◆ Required action
Find the line with "Answer: 7 Which" in the entries below. Repeat it, every following line, and the line with "Answer: BBC America", exactly and with nothing added.

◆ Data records
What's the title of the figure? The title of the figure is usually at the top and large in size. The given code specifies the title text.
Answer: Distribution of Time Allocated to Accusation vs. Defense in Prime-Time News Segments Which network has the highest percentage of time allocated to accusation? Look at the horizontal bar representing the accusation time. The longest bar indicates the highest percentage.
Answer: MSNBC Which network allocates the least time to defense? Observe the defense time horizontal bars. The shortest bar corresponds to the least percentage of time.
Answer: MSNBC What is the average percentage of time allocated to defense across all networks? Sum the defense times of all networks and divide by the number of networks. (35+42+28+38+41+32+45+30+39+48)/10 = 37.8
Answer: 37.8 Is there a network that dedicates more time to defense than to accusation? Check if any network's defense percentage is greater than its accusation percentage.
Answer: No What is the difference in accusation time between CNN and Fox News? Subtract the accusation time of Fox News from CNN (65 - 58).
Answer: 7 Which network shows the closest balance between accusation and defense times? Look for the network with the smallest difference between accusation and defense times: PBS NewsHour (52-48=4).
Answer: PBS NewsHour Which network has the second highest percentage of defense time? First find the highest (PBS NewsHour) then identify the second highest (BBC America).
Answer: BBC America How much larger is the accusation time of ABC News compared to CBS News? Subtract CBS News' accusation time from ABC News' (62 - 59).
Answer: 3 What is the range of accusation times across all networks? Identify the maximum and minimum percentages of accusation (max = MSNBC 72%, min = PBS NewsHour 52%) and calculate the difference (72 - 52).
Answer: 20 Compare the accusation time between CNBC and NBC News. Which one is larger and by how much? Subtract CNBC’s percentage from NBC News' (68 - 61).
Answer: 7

◆ Solved exercise
Answer: 7 Which network shows the closest balance between accusation and defense times? Look for the network with the smallest difference between accusation and defense times: PBS NewsHour (52-48=4).
Answer: PBS NewsHour Which network has the second highest percentage of defense time? First find the highest (PBS NewsHour) then identify the second highest (BBC America).
Answer: BBC America How much larger is the accusation time of ABC News compared to CBS News? Subtract CBS News' accusation time from ABC News' (62 - 59).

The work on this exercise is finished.